Initially, the visits of the Japanese experts to the Soviet Union were supervised by the KGB in the major cities of Kiev (Kyiv), Minsk, and Moscow and in rural areas where the health checks covered large farms and village schools and clinics of kolkhozes and sovkhozes. During the severe winter months, the activities continued in heated garages or hangars of the designated centers. Each year, the appointed specialists from the five centers in charge of thyroid screening, blood tests, and whole-body counter examination underwent education and training, and also attended progress reporting sessions held in the local areas. Annual reports both in Japanese and Russian languages were published. As a result, after the demise of the Soviet Union, standardized diagnostic accuracy and data management were maintained in the three countries; Belarus, Russia and Ukraine. An international conference was organized in Kiev (Kyiv) in the fifth year of the project, and Chernobyl: A Decade (Elsevier, 1997), a summary of that phase of activities was published. In fact, during this period of medical assistance, the additional introduction of thyroid ultrasound-guided fine needle aspiration cytology in the five centers made accurate thyroid diagnosis possible, and together with long term preservation of blood smear specimen and serum, has laid the ground for the future international thyroid research, such as ongoing to this day through the Chernobyl Tissue Bank (CTB) (https://www.chernobyltissuebank.com).
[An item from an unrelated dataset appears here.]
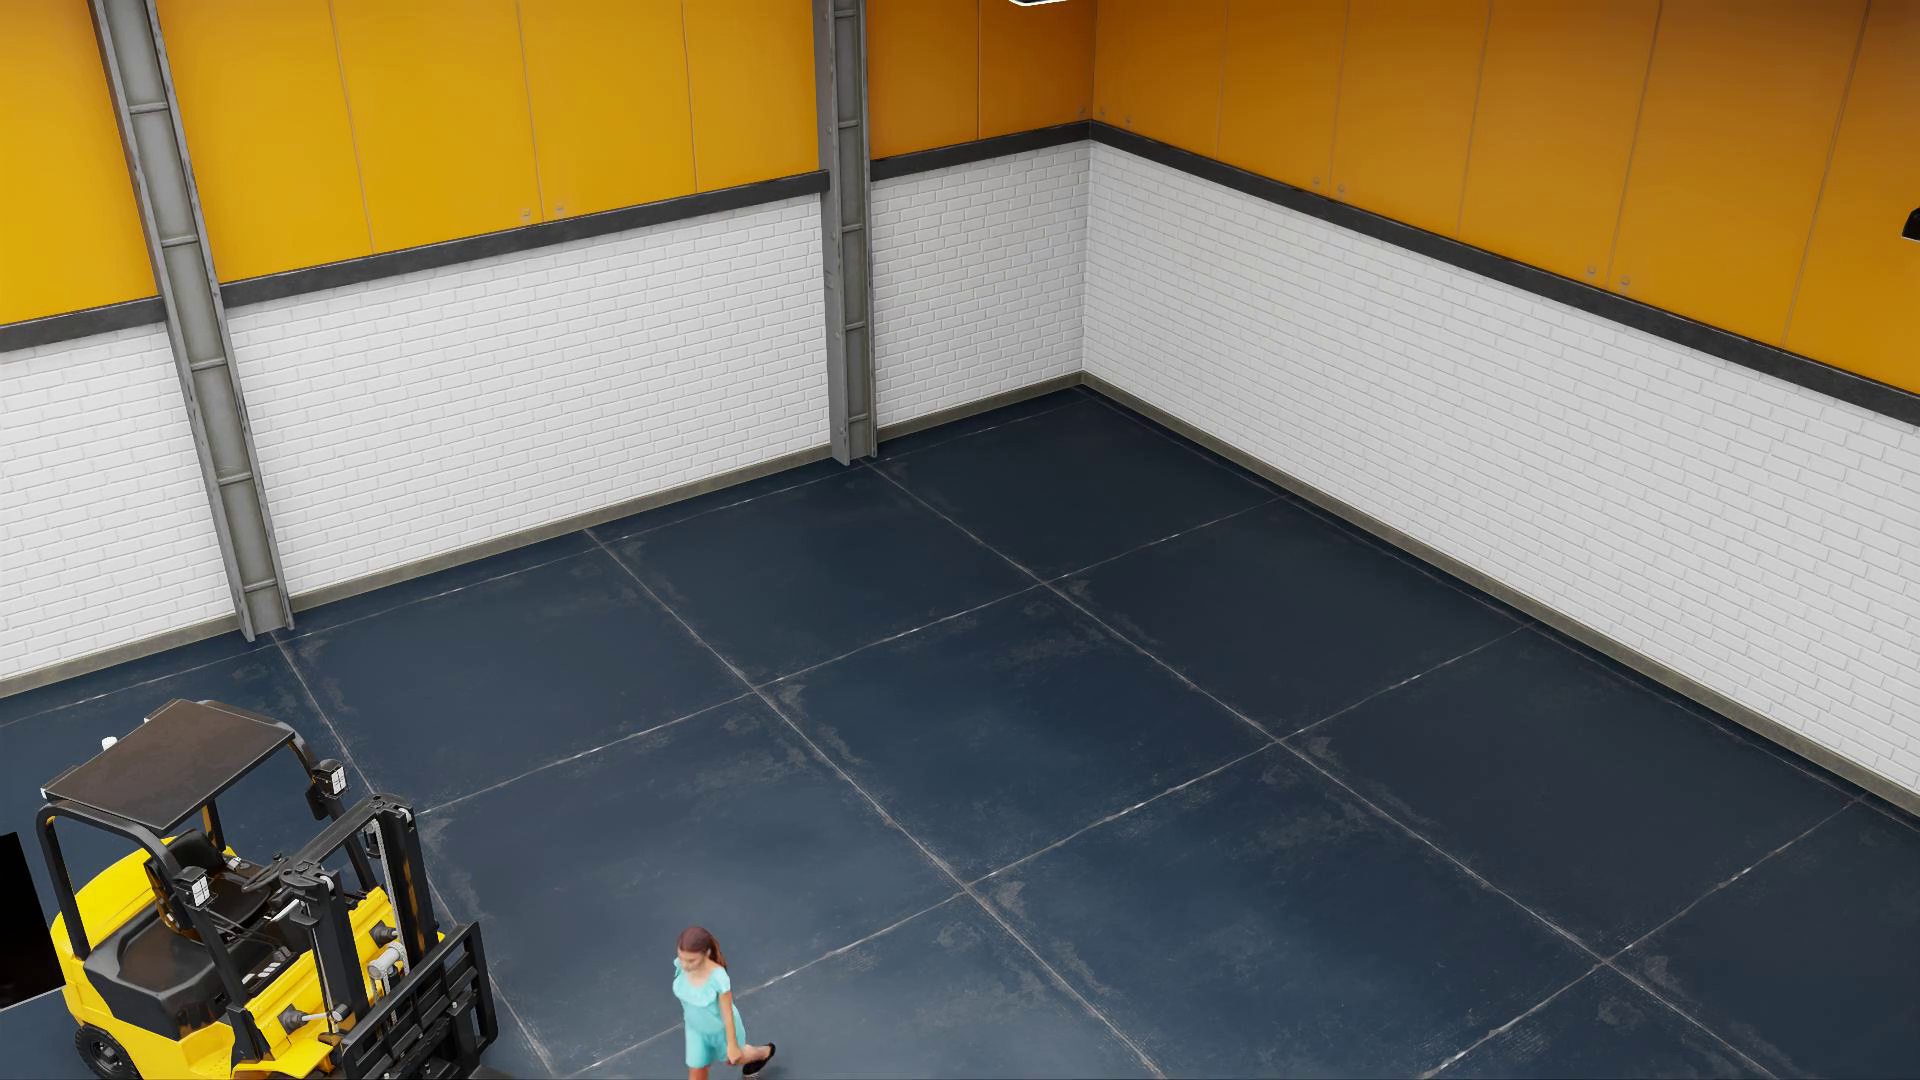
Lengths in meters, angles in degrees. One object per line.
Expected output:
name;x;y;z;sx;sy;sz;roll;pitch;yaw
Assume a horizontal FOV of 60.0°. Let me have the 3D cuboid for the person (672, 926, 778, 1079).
person;-1.344;2.688;9.359;0.880;1.510;1.157;16;32;26

As a part of our activities, during my professorship period in Nagasaki University, we succeeded in establishing academic cooperative agreements with Belarusian State Medical University; Belarusian Medical Academy of Post-Graduate Education; Gomel State Medical University in Belarus; A. Tsyb Medical Radiological Research Center; Endocrine Research Center; North-Western State Medical University named after I.I. Mechnikov in the Russian Federation; V.P. Komisarenko Institute of Endocrinology and Metabolism; National Research Center for Radiation Medicine; Ukrainian Radiation Protection Institute in Ukraine; Semey Medical University; Center for Nuclear Medicine and Oncology in Semey; Scientific Research Institute of Radiation Medicine and Ecology; and Kazakh National Medical University in Kazakhstan. I am very proud that my young colleagues succeeded my jobs, and actively show wonderful achievements in thyroid cancer molecular epidemiology, international public health, and radiation research. However, it is very sad to see that Russia launched a military offensive against Ukraine in February 2022. As one of the men who knows the Chernobyl areas and has many friends in the affected locations, I am strongly against the Russian military invasion of Ukraine and would like to demand that Russia cease all acts of hostility, including attacks on the nuclear facilities in Ukraine and solve the conflict peacefully as soon as possible.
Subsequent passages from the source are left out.